A Victory for Independent Filmmaking
If the film is impressive as it is, it’s even more so considering the long and difficult birthing process. In an email, Mike Bruce explained to me how
Kirkpatrick and I had no budget to work with nor did we have any industry connections while making this film over 2 1/2 years. We just pulled friends together and went out and shot it slowly over time. As expenses came up, we paid out of our own pockets. KP delivers pizza, and I get whatever odd jobs I can find to get by. At times, we were homeless while making this thing. I actually moved 14 times (with my entire editing bay) during the 2 1/2 years we spent on this. The majority of that time was me editing, colourizing and tweaking. Somehow we managed to finish it, which is a small miracle in itself.
The obvious passion that went into making The Legend of God’s Gun, along with genuine skill and purpose, make for a film that is not only exciting, but worth getting excited about. It’s a victory for filmmaking outside the studio system. Unapologetically fun, cinematically clever, The Legend of God’s Gun has many parts, but is 100 percent visionary.

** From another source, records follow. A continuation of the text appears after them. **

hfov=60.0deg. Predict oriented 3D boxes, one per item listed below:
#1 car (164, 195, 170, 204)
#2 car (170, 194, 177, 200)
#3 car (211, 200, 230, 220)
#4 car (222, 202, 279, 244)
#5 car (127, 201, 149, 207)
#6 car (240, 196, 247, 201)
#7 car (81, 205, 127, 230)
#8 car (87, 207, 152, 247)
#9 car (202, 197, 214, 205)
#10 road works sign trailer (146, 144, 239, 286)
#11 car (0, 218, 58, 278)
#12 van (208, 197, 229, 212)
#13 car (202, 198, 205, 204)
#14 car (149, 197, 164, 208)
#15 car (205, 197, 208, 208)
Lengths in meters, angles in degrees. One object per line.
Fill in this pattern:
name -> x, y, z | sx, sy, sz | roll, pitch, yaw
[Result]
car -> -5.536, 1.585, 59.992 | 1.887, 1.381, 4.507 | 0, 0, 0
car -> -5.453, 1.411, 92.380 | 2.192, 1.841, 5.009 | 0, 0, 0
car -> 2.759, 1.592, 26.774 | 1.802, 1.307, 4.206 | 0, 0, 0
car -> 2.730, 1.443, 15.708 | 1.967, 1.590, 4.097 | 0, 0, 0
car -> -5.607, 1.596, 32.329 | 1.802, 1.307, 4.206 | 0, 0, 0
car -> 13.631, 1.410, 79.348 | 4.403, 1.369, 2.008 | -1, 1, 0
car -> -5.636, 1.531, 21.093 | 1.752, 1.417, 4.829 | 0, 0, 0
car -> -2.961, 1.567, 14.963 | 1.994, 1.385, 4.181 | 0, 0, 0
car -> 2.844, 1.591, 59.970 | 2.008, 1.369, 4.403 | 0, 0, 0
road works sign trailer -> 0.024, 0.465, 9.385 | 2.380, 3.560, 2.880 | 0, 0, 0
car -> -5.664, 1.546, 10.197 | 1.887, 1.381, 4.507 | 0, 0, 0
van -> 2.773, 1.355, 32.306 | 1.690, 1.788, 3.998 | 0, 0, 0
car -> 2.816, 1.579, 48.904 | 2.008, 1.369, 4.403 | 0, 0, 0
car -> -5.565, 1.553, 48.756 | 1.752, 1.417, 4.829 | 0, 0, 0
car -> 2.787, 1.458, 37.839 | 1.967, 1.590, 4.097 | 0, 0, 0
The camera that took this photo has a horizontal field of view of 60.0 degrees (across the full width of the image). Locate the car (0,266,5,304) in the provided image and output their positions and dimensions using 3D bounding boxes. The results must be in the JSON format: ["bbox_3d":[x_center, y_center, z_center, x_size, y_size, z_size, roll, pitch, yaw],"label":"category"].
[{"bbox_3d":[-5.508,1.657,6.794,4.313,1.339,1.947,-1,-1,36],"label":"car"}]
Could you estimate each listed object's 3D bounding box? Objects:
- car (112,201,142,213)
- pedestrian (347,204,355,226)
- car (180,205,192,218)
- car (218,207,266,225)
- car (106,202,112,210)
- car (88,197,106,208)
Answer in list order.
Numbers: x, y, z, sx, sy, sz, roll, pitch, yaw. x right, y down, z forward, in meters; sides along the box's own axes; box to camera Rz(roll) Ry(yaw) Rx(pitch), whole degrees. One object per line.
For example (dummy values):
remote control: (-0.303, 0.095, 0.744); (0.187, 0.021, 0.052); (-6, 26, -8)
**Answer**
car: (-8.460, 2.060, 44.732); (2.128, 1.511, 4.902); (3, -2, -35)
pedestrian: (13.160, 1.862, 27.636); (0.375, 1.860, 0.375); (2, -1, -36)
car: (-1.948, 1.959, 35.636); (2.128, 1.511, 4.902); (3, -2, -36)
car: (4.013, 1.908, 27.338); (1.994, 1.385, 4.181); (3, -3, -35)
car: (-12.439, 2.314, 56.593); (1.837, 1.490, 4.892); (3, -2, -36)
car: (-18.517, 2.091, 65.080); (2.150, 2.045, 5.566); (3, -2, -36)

Entertainment Value: ** (out of two)
Technical Quality: ** (out of two)
The Legend of God’s Gun. Directed by Mike Bruce. Written by Mike Bruce and Kirkpatrick Thomas. Starring Bobby Bones, Kirkpatrick Thomas, Dave Koenig, Mike Bruce, Scott Dyeswell, Julie Patterson and Emma Salerno. 78 minutes. Not rated, but contains violence and sexually suggestive scenes that would annoy the MPAA.